Mommy Guilt....Let it Go!
As an OB/GYN physician (and mother of 5 boys), I am given the awesome opportunity to take care of expecting families. The majority of the articles for expecting moms are focused on our “first-time-moms”, but I want to focus on moms that are experienced or “veteran-mommies.”
I frequently observe veteran-mommies in states of anxiety and sometimes maybe even a little depressed as the birth of the new baby approaches. These moms often say, "I love my child so deeply, how could I ever love another child as much as my first?" At times like this, I take off my 'doctor hat' and put on my 'mommy hat.' Ladies, I felt the same way when I was expecting my second child. Many patients often feel guilty expressing these feelings. I assure you, these feelings are normal and shared by many expectant mothers.
I felt the same way, when I was expecting my second child. For 18 months, my oldest, was the center of our attention and love. When the second child joins the family, the 'only child' becomes the 'first born' and the parent-child relationship changes drastically, but not in a bad way.
If you can make the transition of your first born becoming a sibling into a positive one, this will lessen your stress. The Women's Hospital offers a siblings class that can help children learn about babies and makes a big production of graduating to big brother or big sister. Try not to forget about your older children when you are buying things for the new baby. I remember buying a large teddy bear from Pottery Barn for the nursery. As soon as my toddler saw this bear, there was no way he was going to give it to his new baby brother! Thirteen years later, we still have that beloved bear, he has just retired to our teenage son’s closet.
Finally, during this transition period it is essential that you don't forget about yourself. I always think of the analogy of the airlines' instructions of putting on your own oxygen mask first before assisting others. You must take care of yourself and have some "me time." It is essential that you continue in self-care activities (whether it is running, scrapbooking, massage, yoga etc.). Taking care of yourself will help you be a better and more effective parent to your children.

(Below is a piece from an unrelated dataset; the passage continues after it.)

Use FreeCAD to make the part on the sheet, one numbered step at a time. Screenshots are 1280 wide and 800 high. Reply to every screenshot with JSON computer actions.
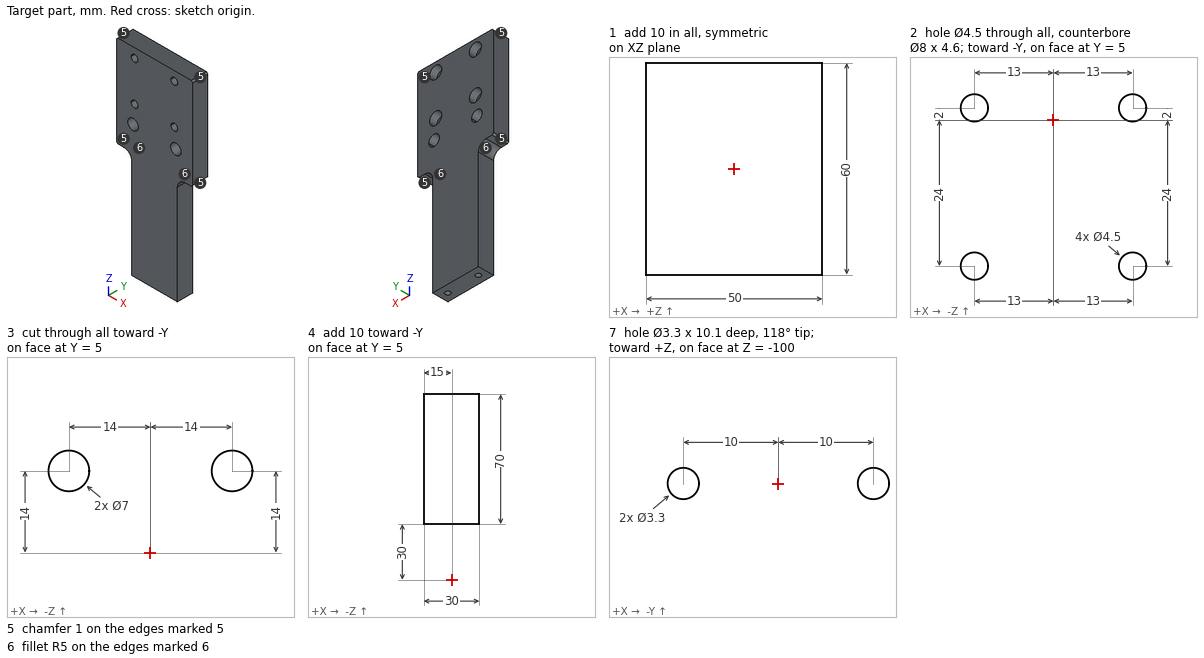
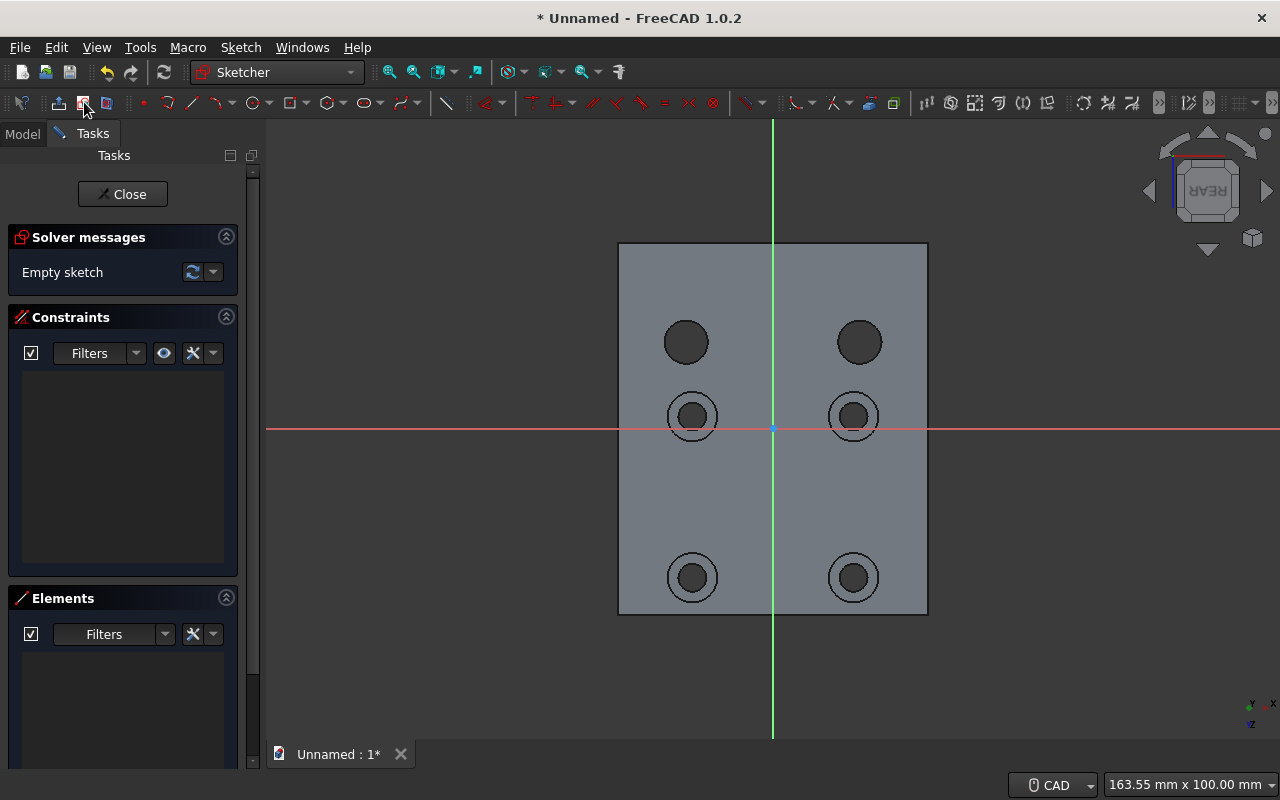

Now, as a mother of five boys and 13 years later since the birth of our second child, I can tell you with confidence that this guilt shall pass. I think back on the past 13 years and some of my fondest memories are of the boys playing and giggling with each other (between the moments that my basement sounds like a wrestling tournament). Seriously, when you find one of your kids helping their younger sibling, it truly melts your heart. It has often been said, you don't just have space in your heart for one more child, but that your heart actually grows with each baby...and I found this to be true!